Prove that the function $f:\Bbb N \rightarrow \Bbb N,$ defined by $f(n)=6\lceil \frac{n}{3} \rceil -n-2$ is surjective.

Question

Prove that the function $f:\Bbb N \rightarrow \Bbb N,$ defined by $f(n)=6\lceil \frac{n}{3} \rceil -n-2$ is surjective.

I don't know given $n \in \Bbb N$,what element in the domain should I take to give $n$. Can someone help me, please?

Answer 1

Hint: Since we're taking the ceiling of $\frac{n}{3}$, it makes sense to consider the three cases $n=3k+1$, $n=3k+2$, and $n=3k+3$.

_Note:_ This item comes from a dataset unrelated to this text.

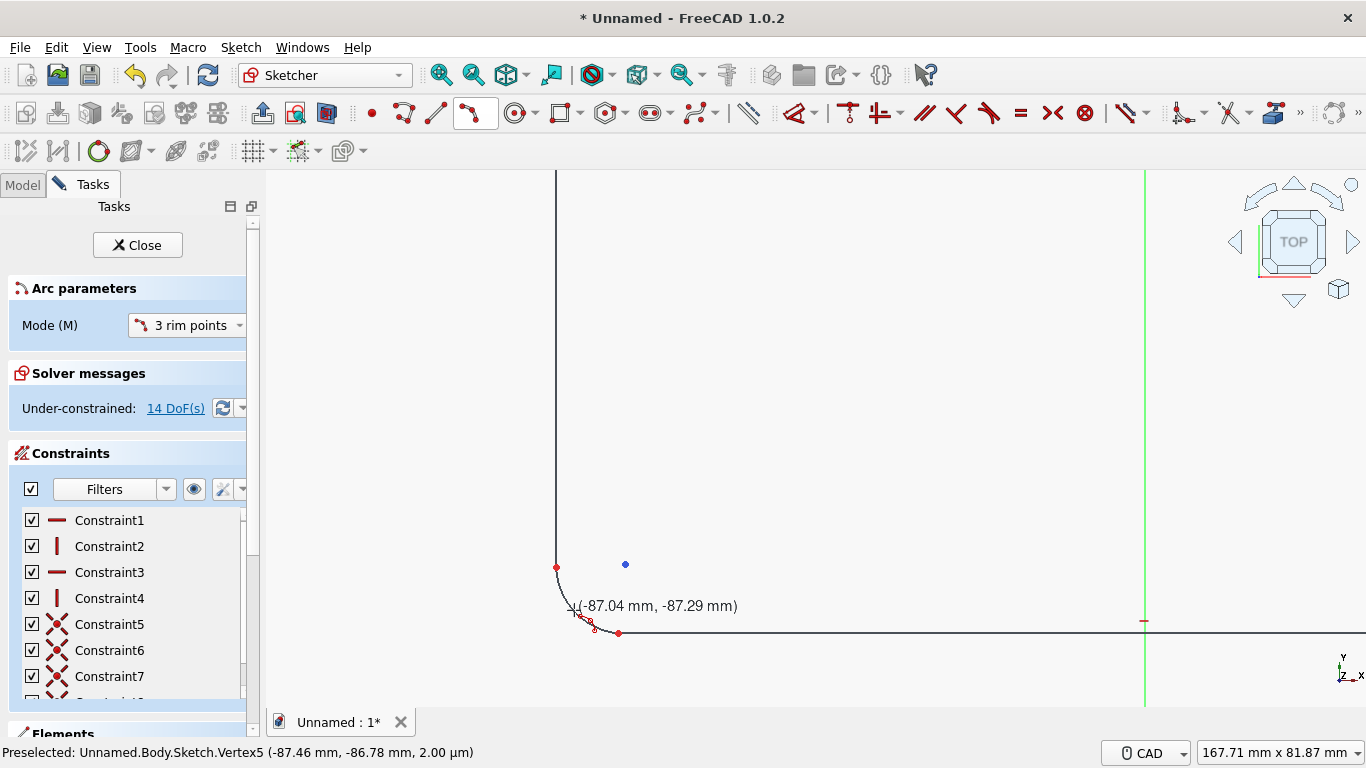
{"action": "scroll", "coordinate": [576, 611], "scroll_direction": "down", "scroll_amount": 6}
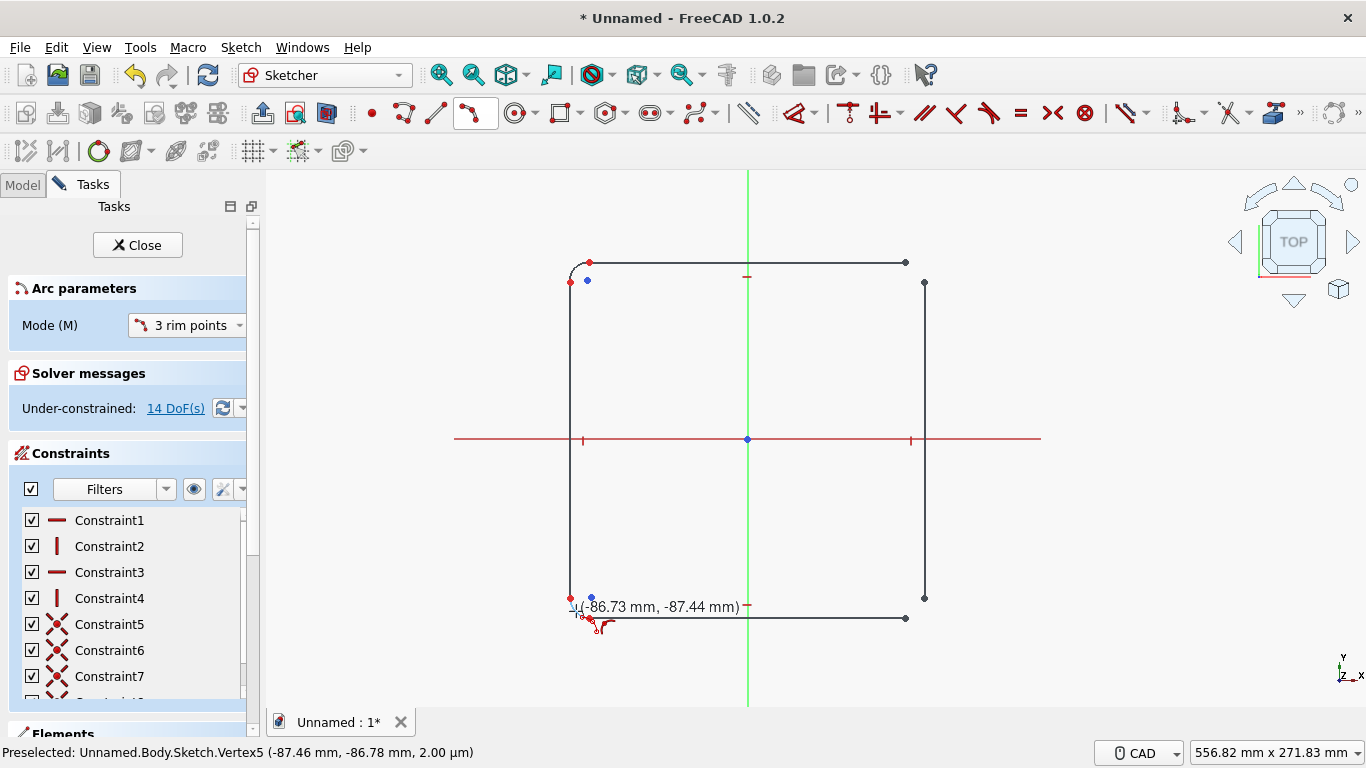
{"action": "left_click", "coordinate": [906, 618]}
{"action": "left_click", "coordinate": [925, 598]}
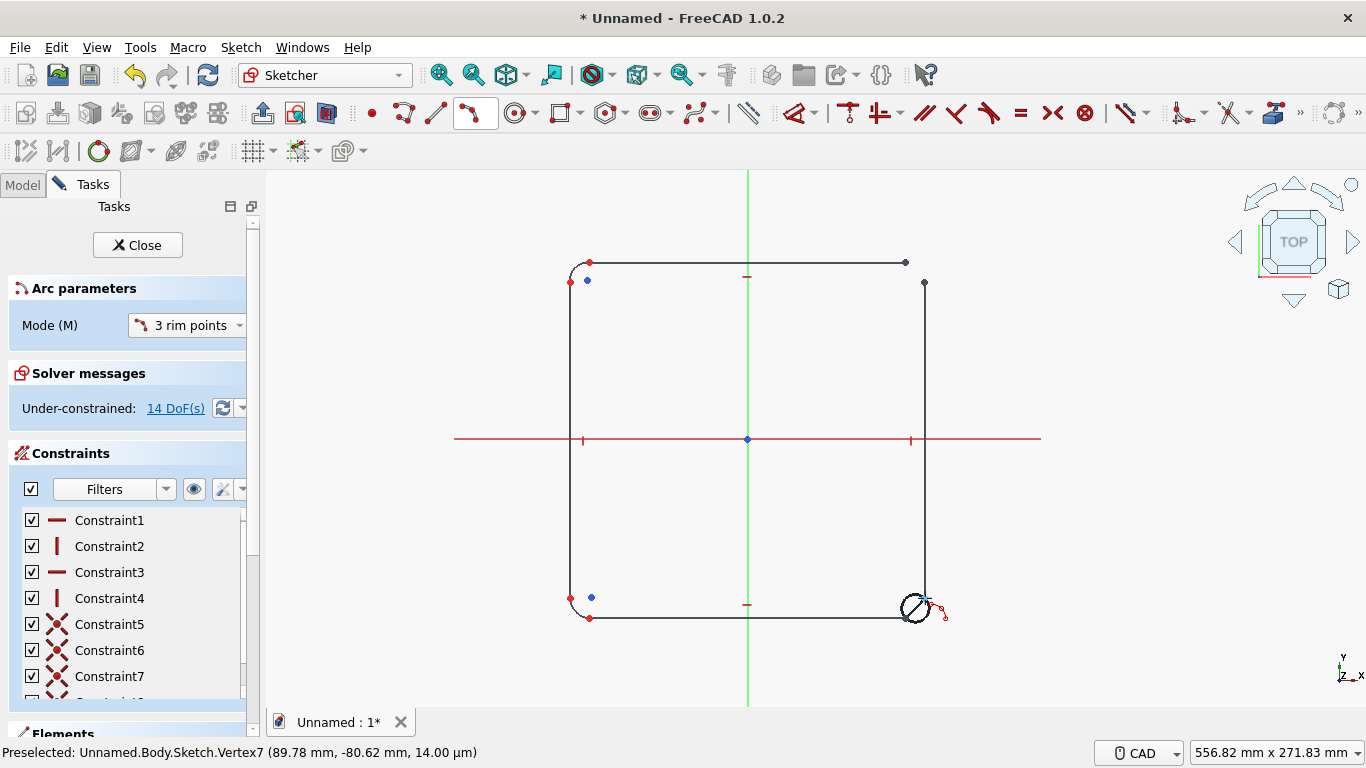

• Suppose that $n=3k+1$. Then $$f(n)=6\left\lceil\frac{3k+1}{3}\right\rceil-(3k+1)-2=6\left\lceil k+\frac{1}{3}\right\rceil-3k-3=6(k+1)-3k-3=3k+3.$$

• Suppose that $n=3k+2$. Then $$f(n)=6\left\lceil\frac{3k+2}{3}\right\rceil-(3k+2)-2=6\left\lceil k+\frac{2}{3}\right\rceil-3k-4=6(k+1)-3k-4=3k+2.$$

• Suppose that $n=3k+3$. Then $$f(n)=6\left\lceil\frac{3k+3}{3}\right\rceil-(3k+3)-2=6\left\lceil k+1\right\rceil-3k-5=6(k+1)-3k-5=3k+1.$$

• Therefore, $f$ takes $\{3k+1,3k+2,3k+3\}$ to itself (although not in the same order). Can you use this to prove surjectivity?

Answer 2

Since $f(1)=3, f(2)=2, f(3)=1, f(n+3)=f(n)+3$ the statement is evident.

Answer 3

Because $\lceil \frac{n}{3} \rceil \geq \frac{n}{3}$, $6 \lceil \frac{n}{3} \rceil \geq 2n$. $-n-2$ is obviously always less than $2n$ when $n > 2$, and it is also less when $n = 1$ and $n = 2$ (I plugged in and checked).

Because of this, you know that the subtraction $2n - (n + 2)$ always has a natural number result when $n$ is a natural number.